US 12,475,872 B2
	Audio processing method, audio processing system, and computer-readable medium
Yoshifumi Mizuno, Hamamatsu (JP); Yu Takahashi, Hamamatsu (JP); Kazunobu Kondo, Toyohashi (JP); and Kenji Ishizuka, Hamamatsu (JP)
Assigned to YAMAHA CORPORATION, Hamamatsu (JP)
Filed by YAMAHA CORPORATION, Hamamatsu (JP)
Filed on Mar. 24, 2022, as Appl. No. 17/703,697.
Application 17/703,697 is a continuation of application No. PCT/JP2020/035723, filed on Sep. 23, 2020.
Claims priority of application No. 2019-177965 (JP), filed on Sep. 27, 2019; application No. 2019-177966 (JP), filed on Sep. 27, 2019; and application No. 2019-177967 (JP), filed on Sep. 27, 2019.
Prior Publication US 2022/0215822 A1, Jul. 7, 2022
Int. Cl. G10H 3/12 (2006.01); G10H 1/00 (2006.01)

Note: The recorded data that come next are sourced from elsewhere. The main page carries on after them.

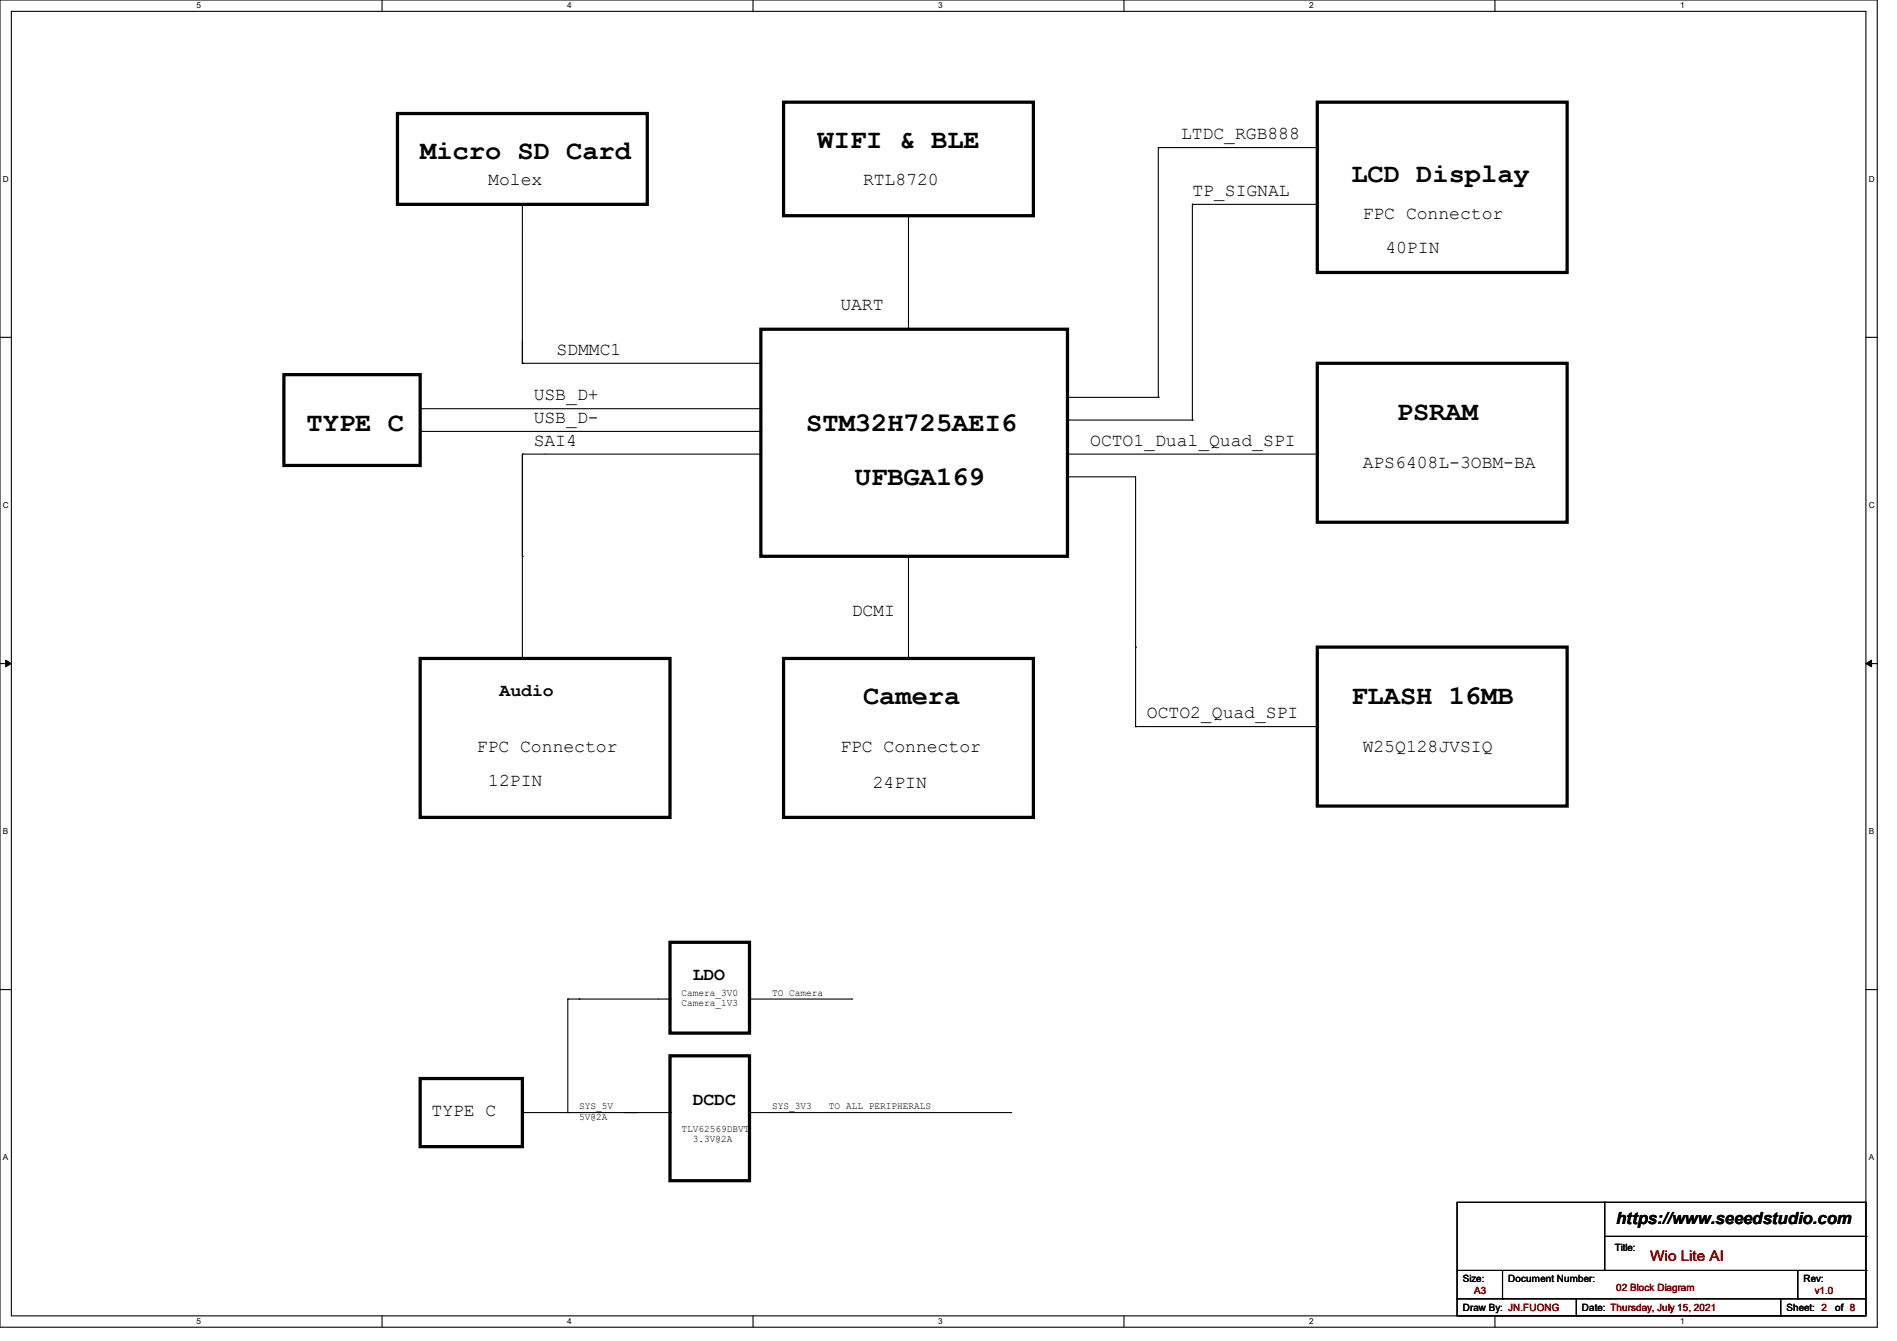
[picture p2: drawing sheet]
<svg xmlns="http://www.w3.org/2000/svg" width="297mm" height="210mm" viewBox="0 0 297 210" stroke-linecap="round" stroke-linejoin="round" font-family="sans-serif">
<defs><g id="words">
<g font-size="4.2">
<text x="128" y="23.1">WIFI &amp; BLE</text>
<text x="65.8" y="24.9">Micro SD Card</text>
<text x="211.6" y="28.4">LCD Display</text>
<text x="218.7" y="65.8">PSRAM</text>
<text x="48" y="67.6">TYPE C</text>
<text x="126.2" y="67.6">STM32H725AEI6</text>
<text x="133.9" y="76">UFBGA169</text>
<text x="135.1" y="110.2">Camera</text>
<text x="211.6" y="110.2">FLASH 16MB</text>
</g>
<g font-size="2.8">
<text x="184.9" y="21.8">LTDC_RGB888</text>
<text x="76.5" y="28.9">Molex</text>
<text x="135.1" y="28.9">RTL8720</text>
<text x="186.7" y="30.7">TP_SIGNAL</text>
<text x="213.4" y="34.2">FPC Connector</text>
<text x="216.9" y="39.6">40PIN</text>
<text x="131.6" y="48.5">UART</text>
<text x="87.1" y="55.6">SDMMC1</text>
<text x="83.6" y="62.7">USB_D+</text>
<text x="83.6" y="66.3">USB_D-</text>
<text x="83.6" y="69.8">SAI4</text>
<text x="170.7" y="69.8">OCTO1_Dual_Quad_SPI</text>
<text x="213.4" y="73.4">APS6408L-3OBM-BA</text>
<text x="133.3" y="96.5">DCMI</text>
<text x="78.2" y="109.1">Audio</text>
<text x="179.6" y="112.5">OCTO2_Quad_SPI</text>
<text x="74.7" y="117.8">FPC Connector</text>
<text x="131.6" y="117.8">FPC Connector</text>
<text x="213.4" y="117.8">W25Q128JVSIQ</text>
<text x="76.5" y="123.1">12PIN</text>
<text x="136.6" y="123.5">24PIN</text>
<text x="108.5" y="153.5">LDO</text>
<text x="108.5" y="173.1">DCDC</text>
<text x="67.6" y="174.7">TYPE C</text>
</g>
<text font-size="2.6" x="253" y="191.8">https://www.seeedstudio.com</text>
<text font-size="2.3" fill="#800000" x="258.4" y="197.5">Wio Lite AI</text>
<g font-size="1.6">
<text x="106.7" y="155.9">Camera_3V0</text>
<text x="120.9" y="155.9">TO Camera</text>
<text x="106.7" y="157.5">Camera_1V3</text>
<text x="90.7" y="173.7">SYS_5V</text>
<text x="120.9" y="173.7">SYS_3V3</text>
<text x="129.8" y="173.7">TO ALL PERIPHERALS</text>
<text x="90.7" y="175.5">5V@2A</text>
<text x="106.7" y="177.2">TLV62569DBVT</text>
<text x="108.5" y="178.8">3.3V@2A</text>
<text x="252.8" y="196">Title:</text>
<text x="229" y="200.7">Size:</text>
<text x="236.1" y="200.7">Document Number:</text>
<text x="282.4" y="200.7">Rev:</text>
<text x="229" y="205.4">Draw By: JN.FUONG</text>
<text x="247.7" y="205.4">Date: Thursday, July 15, 2021</text>
<text x="279.7" y="205.4">Sheet: 2</text>
<text x="287.3" y="205.4">of 8</text>
</g>
<g font-size="1.6" fill="#800000">
<text x="230.8" y="202.7">A3</text>
<text x="253" y="202.2">02 Block Diagram</text>
<text x="284.1" y="202.7">v1.0</text>
</g>
<g font-size="1.3">
<text x="30.8" y="1.3">5</text>
<text x="88.8" y="1.3">4</text>
<text x="146.9" y="1.3">3</text>
<text x="205" y="1.3">2</text>
<text x="263.1" y="1.3">1</text>
<text x=".5" y="28.4">D</text>
<text x="292.6" y="28.4">D</text>
<text x=".5" y="79.5">C</text>
<text x="292.6" y="79.5">C</text>
<text x=".5" y="130.6">B</text>
<text x="292.6" y="130.6">B</text>
<text x=".5" y="181.7">A</text>
<text x="292.6" y="181.7">A</text>
<text x="30.8" y="207.4">5</text>
<text x="88.8" y="207.4">4</text>
<text x="146.9" y="207.4">3</text>
<text x="205" y="207.4">2</text>
<text x="263.1" y="207.4">1</text>
</g>
</g></defs>
<path d="M0 0h293.9v207.9h-293.9zM1.8 1.8h290.3v204.3h-290.3z" fill="none" stroke="#000" stroke-width=".17"/>
<g fill="#fff">
<path d="M30.8 .2h.7v1.4h-.7z"/>
<path d="M30.8 206.2h.7v1.4h-.7z"/>
</g>
<path d="M59.8 0v1.8M59.8 206.1v1.8" fill="none" stroke="#000" stroke-width=".17"/>
<g fill="#fff">
<path d="M88.8 .2h.7v1.4h-.7z"/>
<path d="M88.8 206.2h.7v1.4h-.7z"/>
</g>
<path d="M117.9 0v1.8M117.9 206.1v1.8" fill="none" stroke="#000" stroke-width=".17"/>
<g fill="#fff">
<path d="M146.9 .2h.7v1.4h-.7z"/>
<path d="M146.9 206.2h.7v1.4h-.7z"/>
</g>
<path d="M176 0v1.8M176 206.1v1.8" fill="none" stroke="#000" stroke-width=".17"/>
<g fill="#fff">
<path d="M205 .2h.7v1.4h-.7z"/>
<path d="M205 206.2h.7v1.4h-.7z"/>
</g>
<path d="M234.1 0v1.8M234.1 206.1v1.8" fill="none" stroke="#000" stroke-width=".17"/>
<g fill="#fff">
<path d="M263.1 .2h.6v1.4h-.6z"/>
<path d="M263.1 206.2h.6v1.4h-.6z"/>
<path d="M.5 27.3h.9v1.4h-.9z"/>
<path d="M292.6 27.3h.9v1.4h-.9z"/>
<path d="M.5 78.4h.9v1.4h-.9z"/>
<path d="M292.6 78.4h.9v1.4h-.9z"/>
</g>
<path d="M0 52.8h1.8M292.1 52.8h1.8" fill="none" stroke="#000" stroke-width=".17"/>
<g fill="#fff">
<path d="M.5 129.5h.8v1.4h-.8z"/>
<path d="M292.6 129.5h.8v1.4h-.8z"/>
</g>
<path d="M0 103.9h1.8M292.1 103.9h1.8" fill="none" stroke="#000" stroke-width=".17"/>
<path d="M.9 103.4l.9 .5-.9 .5zM292.1 103.9l.9-.5v1z" fill="#000" stroke="#000" stroke-width=".16"/>
<g fill="#fff">
<path d="M.5 180.5h.8v1.4h-.8z"/>
<path d="M292.6 180.5h.8v1.4h-.8z"/>
</g>
<g fill="none" stroke="#000" stroke-width=".17">
<path d="M81.8 32h.1M81.8 32v24.9M142.2 33.8v17.8M181.4 23.1h.1M181.4 23.1v39.1M181.4 23.1h24.8M186.7 32h.1M186.7 32h19.5M186.7 32v33.8M206.2 23.1h.1M206.2 32h.1M81.8 56.9h.1"/>
<path d="M81.8 56.9h37.3M119.1 56.9h.1M142.2 51.6h.1M65.8 64h53.3M65.8 67.6h53.3M81.8 71.1h.1M81.8 71.1v32M81.8 71.1h37.3M119.1 64h.1M119.1 67.6h.1M119.1 71.1h.1M167.1 62.2h.1"/>
<path d="M167.1 74.7h.1M167.1 62.2h14.3M167.1 65.8h19.6M167.1 71.1h39.1M167.1 74.7h10.7v39.1M181.4 62.2h.1M186.7 65.8h.1M206.2 71.1h.1M81.8 87.1h.1M142.2 87.1v16M81.8 103.1h.1M142.2 103.1h.1"/>
<path d="M177.8 101.3h.1M177.8 113.8h.1M177.8 113.8h28.4M206.2 113.8h.1M0 155h1.8M88.9 156.5h.1M88.9 156.5h16M88.9 156.5v17.7M90.7 156.5h.1M104.9 156.5h.1M117.3 156.5h16M133.3 156.5h.1"/>
<path d="M292.1 155h1.8M81.8 174.2h23.1M88.9 174.2h.1M99.6 174.2h.1M104.9 174.2h.1M117.3 174.2h.1M117.3 174.2h40.9M158.2 174.2h.1M228.1 188.3h64v17.8h-64zM228.1 199h64M235.2 199v4.4M251.2 188.3h.1"/>
<path d="M251.2 188.3v10.7M251.2 193.6h40.9M281.5 199v4.4M292.1 199h.1M292.1 193.6h.1M228.1 203.4h.1M228.1 203.4h64M235.2 203.4h.1M246.8 206.1h.1M246.8 203.4v2.7M278.8 206.1h.1M278.8 203.4v2.7"/>
<path d="M281.5 203.4h.1"/>
</g>
<path d="M62.2 17.8h39.1v14.2h-39.1zM122.7 16h39.1v17.8h-39.1zM206.2 16h39.2v26.7h-39.2zM44.4 58.7h21.4v14.2h-21.4zM119.1 51.6h48v35.5h-48zM206.2 56.9h39.2v24.9h-39.2zM65.8 103.1h39.1v24.9h-39.1zM122.7 103.1h39.1v24.9h-39.1zM206.2 101.3h39.2v24.9h-39.2zM104.9 147.6h12.4v14.2h-12.4zM65.8 168.9h16v10.7h-16zM104.9 165.4h12.4v19.5h-12.4z" fill="none" stroke="#000" stroke-width=".51"/>
<use href="#words"/>
</svg>

CPC G10H 3/125 (2013.01) [G10H 1/0008 (2013.01); G10H 2210/056 (2013.01); G10H 2210/066 (2013.01); G10H 2250/025 (2013.01)]

20 Claims

1. A computer-implemented audio processing method comprising:

obtaining a plurality of observed envelopes of picked-up sound signals including a first observed envelope representing a contour of a first sound signal picked up in a vicinity of a first sound source and a second observed envelope representing a contour of a second sound signal picked up in a vicinity of a second sound source, wherein:

the first sound signal includes a first target sound from the first sound source and a second spill sound from the second sound source, and

the second sound signal includes a second target sound from the second sound source and a first spill sound from the first sound source;

generating, based on the plurality of observed envelopes, a plurality of output envelopes using a mix matrix including a mix proportion of the second spill sound in the first sound signal and a mix proportion of the first spill sound in the second sound signal, wherein the generated plurality of output envelopes include:

a first output envelope representing a contour of the first target sound in the first observed envelope; and

a second output envelope representing a contour of the second target sound in the second observed envelope; and

displaying on a display device an analysis image representing a level of the second spill sound in the first observed envelope based on the mix matrix and the plurality of output envelopes.